● TO DO
Looking through the records that follow, determine how many lines contain "block" and reply with that number alone.
======== INFORMATION GIVEN ========
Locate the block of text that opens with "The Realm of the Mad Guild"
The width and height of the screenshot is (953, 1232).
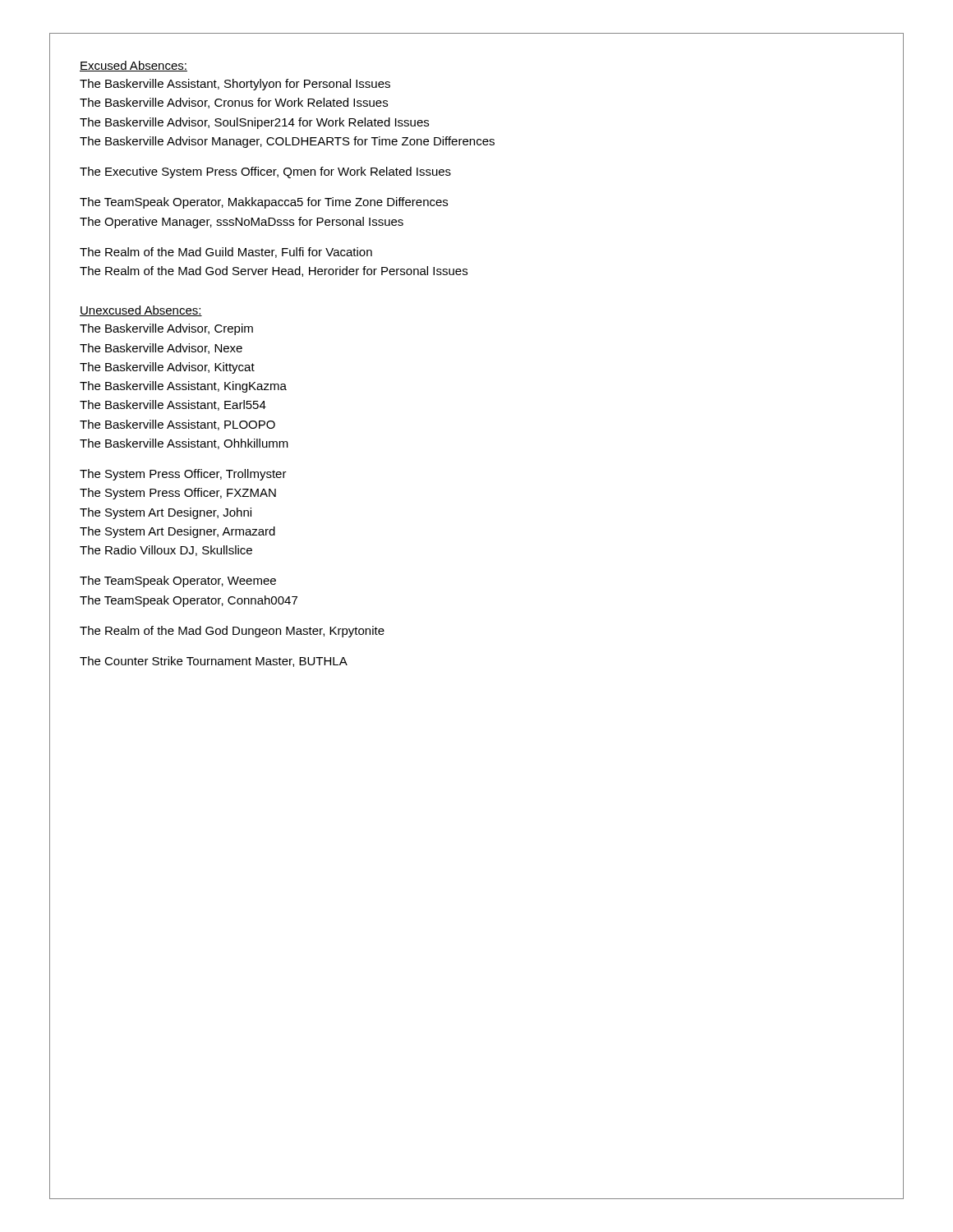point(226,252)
========
======== INFORMATION GIVEN ========
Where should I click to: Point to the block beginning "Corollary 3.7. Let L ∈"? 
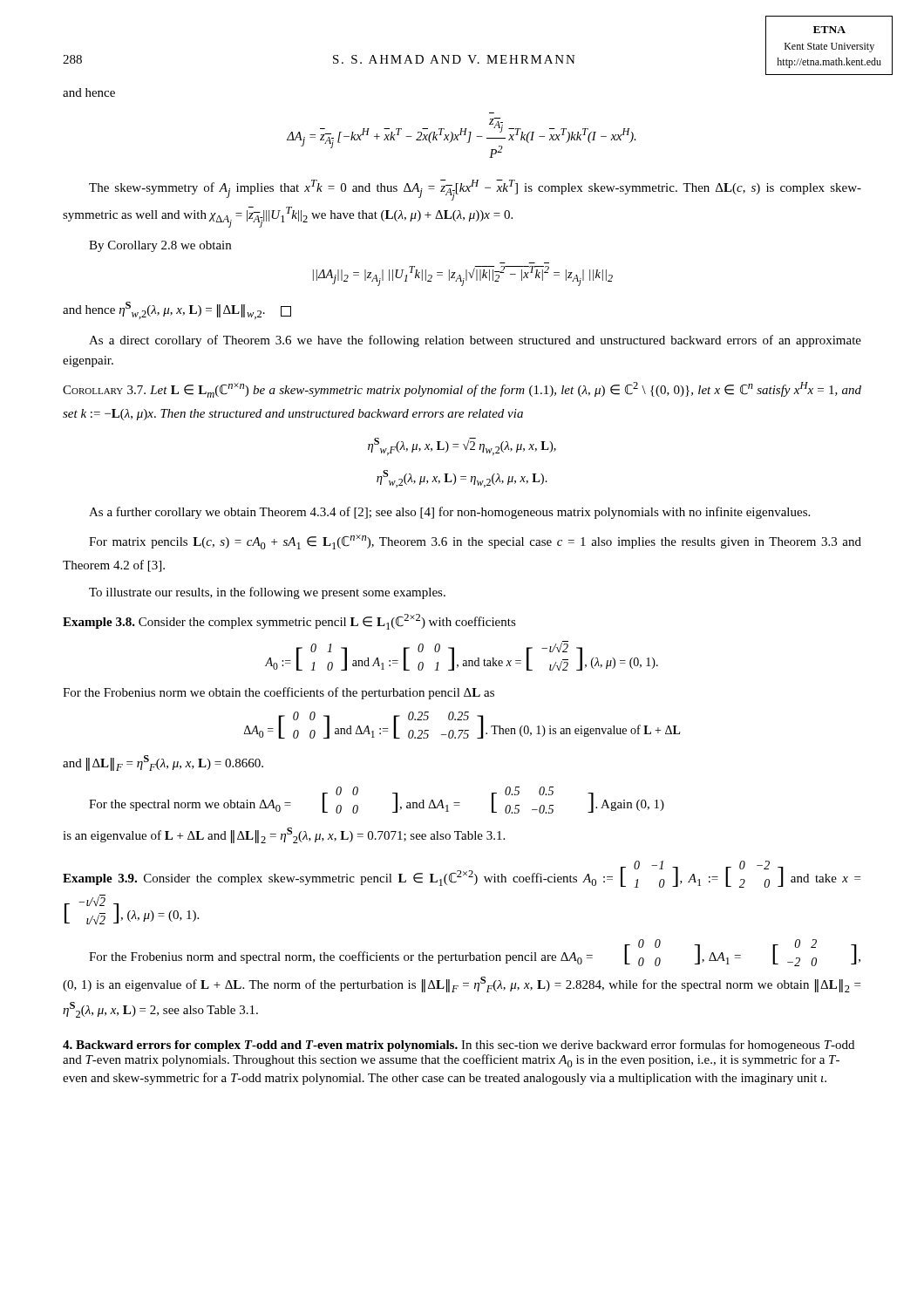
========
======== INFORMATION GIVEN ========
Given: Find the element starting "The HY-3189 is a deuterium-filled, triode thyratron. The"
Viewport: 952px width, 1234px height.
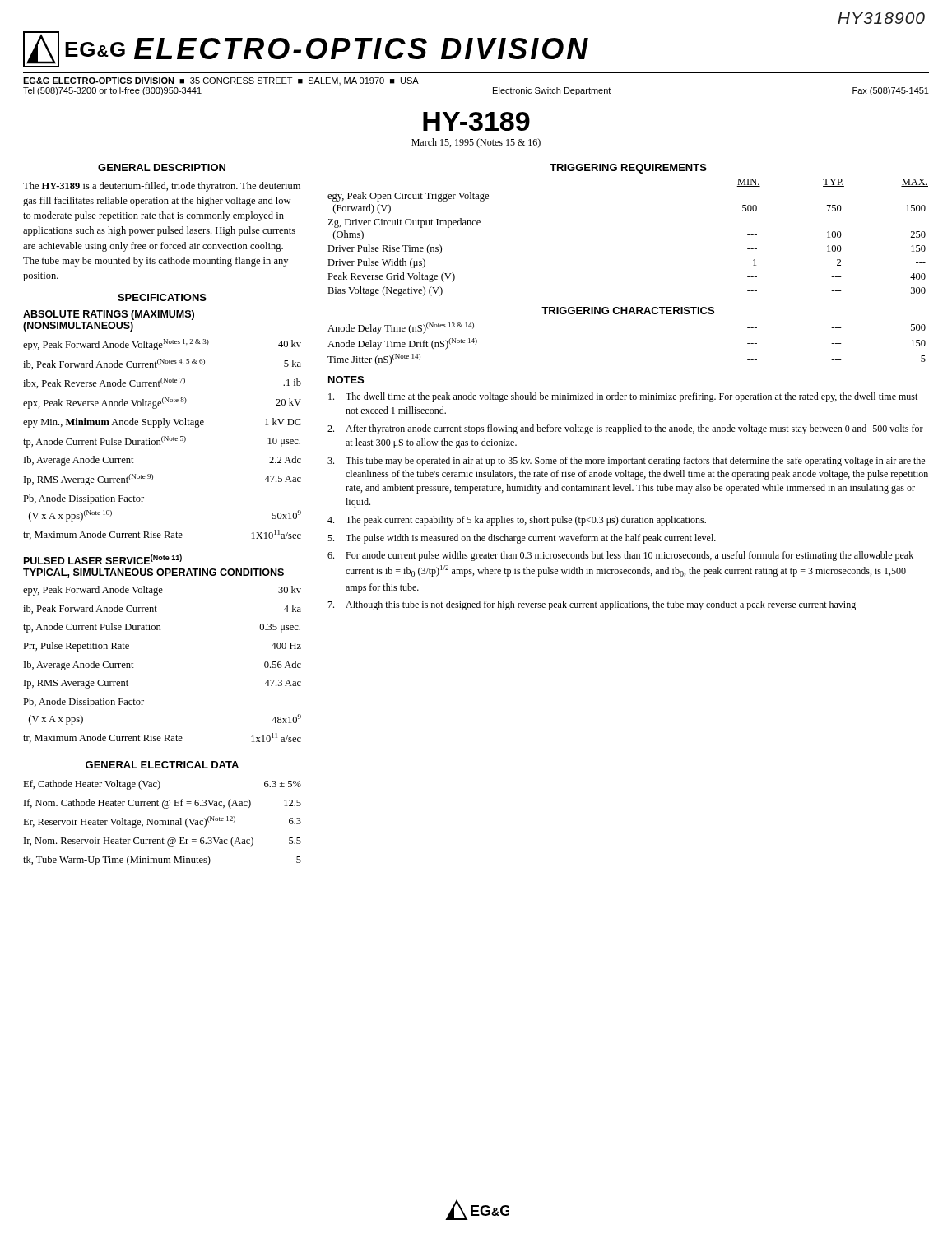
========
● EXPECTED ANSWER
2